DATA IN THIS EXERCISE:
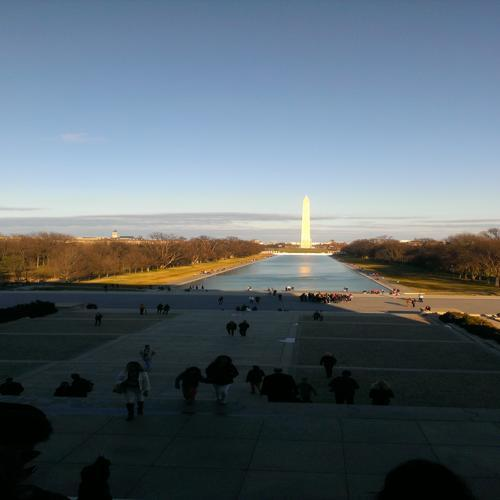What is the main issue in the structure of the figure?
A. horizontal stretching and distortion
B. clear structure
C. vertical compression
D. no issue
Answer with the option's letter from the given choices directly.
 A.

WORK REQUIRED: Which lines run from the one containing "C. vertical compression" to the end of the entries above? Quote exactly those, and only those.

RESULT:
C. vertical compression
D. no issue
Answer with the option's letter from the given choices directly.
 A.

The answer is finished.